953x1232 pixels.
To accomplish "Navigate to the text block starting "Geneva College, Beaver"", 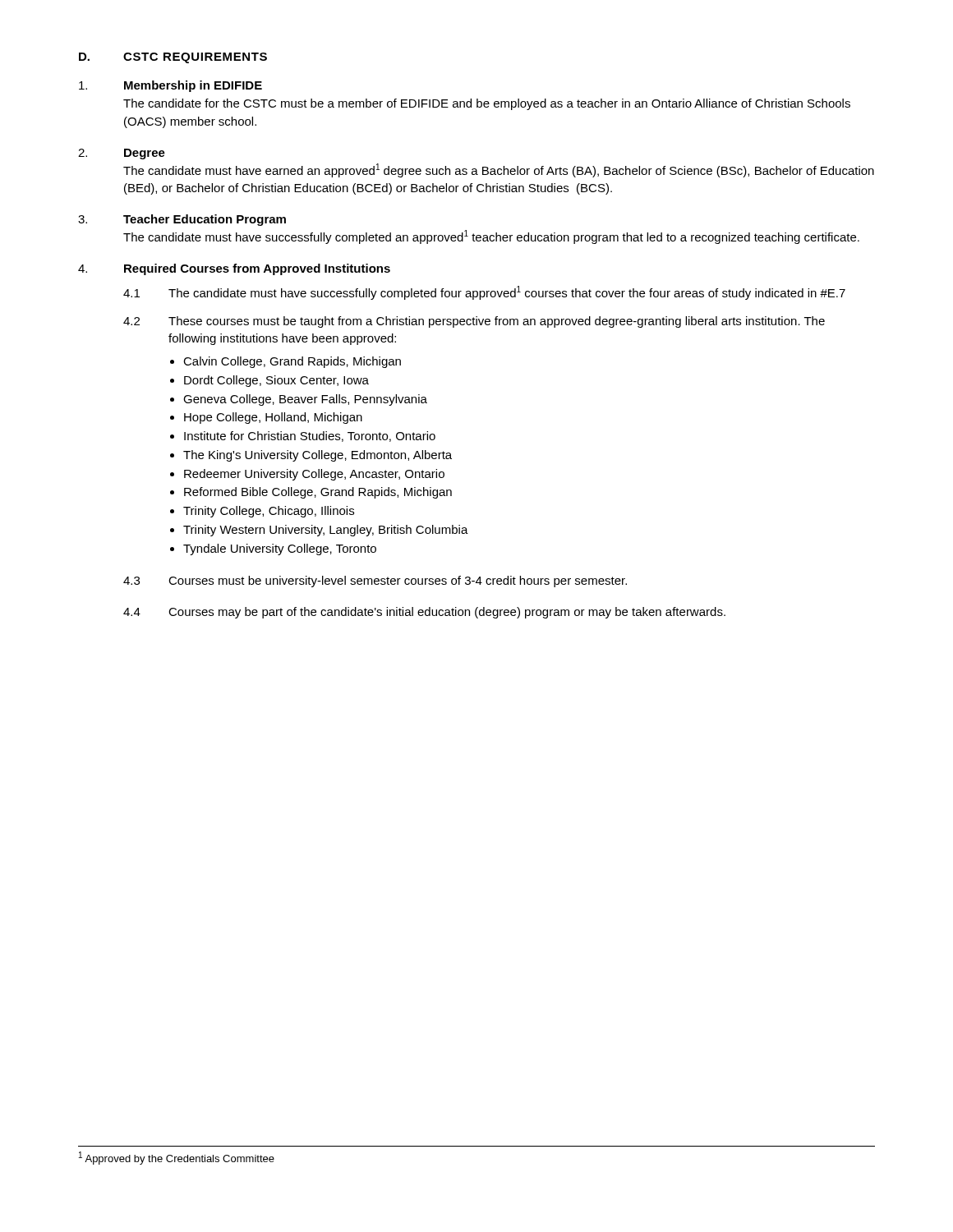I will pos(305,398).
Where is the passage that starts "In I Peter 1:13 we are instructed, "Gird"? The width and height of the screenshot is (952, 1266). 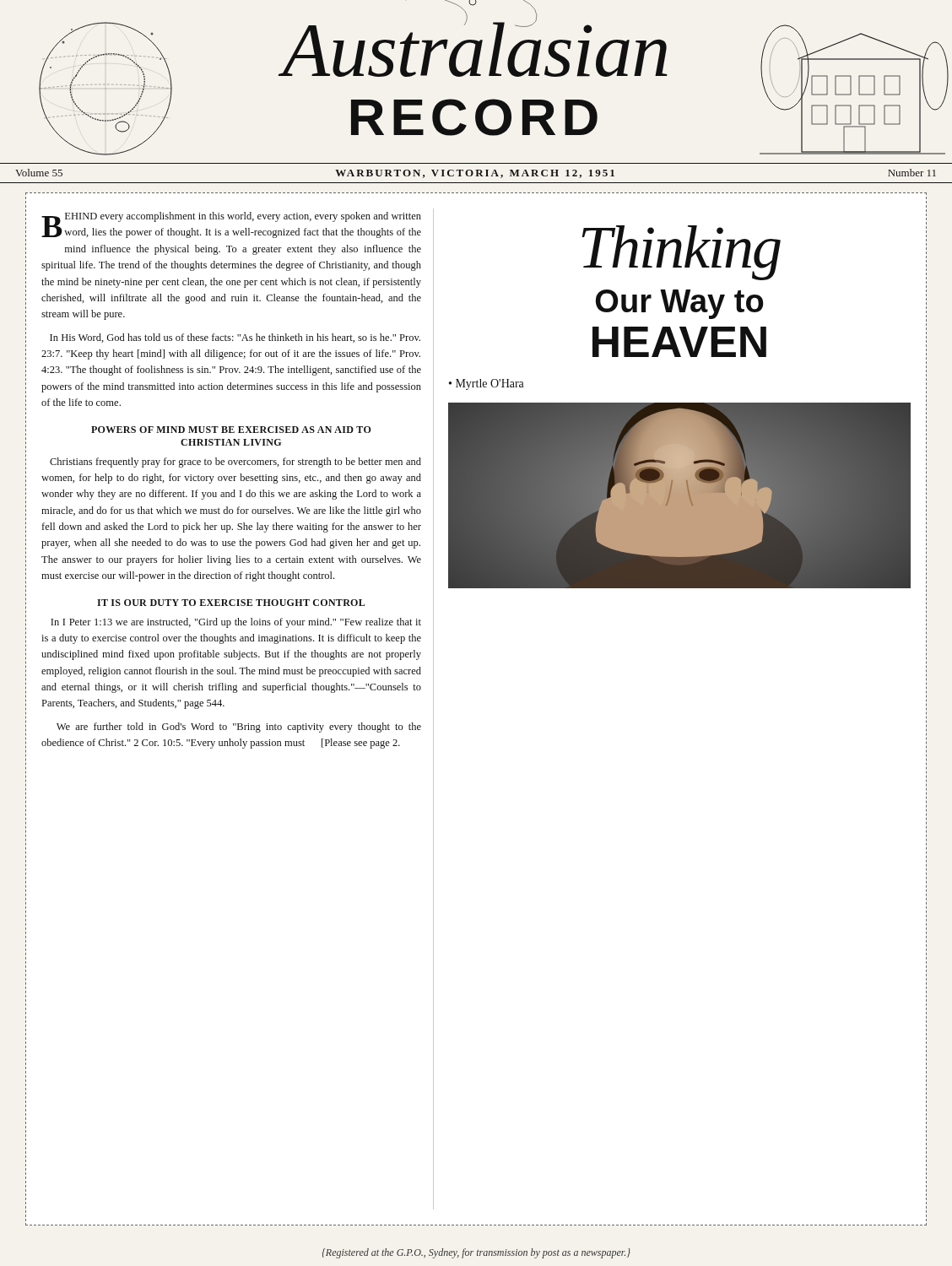[231, 662]
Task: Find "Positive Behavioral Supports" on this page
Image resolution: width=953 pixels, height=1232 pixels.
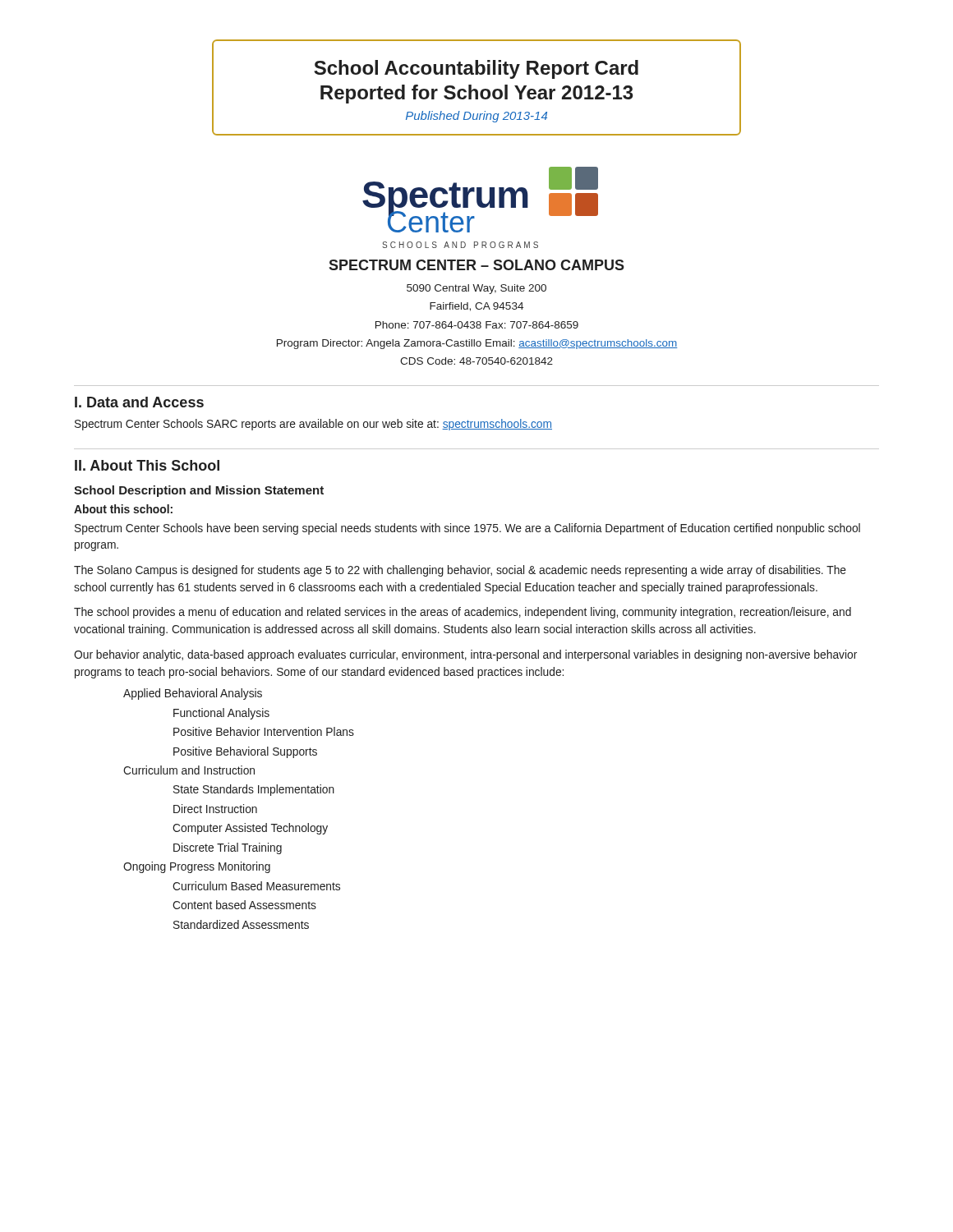Action: (245, 752)

——————————

# ACTIVITY
Exclude the pictures from the copy. Retype exactly the lines running from the one containing "on this page" through the last line of the listing.

# RESULT FOR THIS TASK
Task: Find "Positive Behavioral Supports" on this page
Image resolution: width=953 pixels, height=1232 pixels.
Action: (245, 752)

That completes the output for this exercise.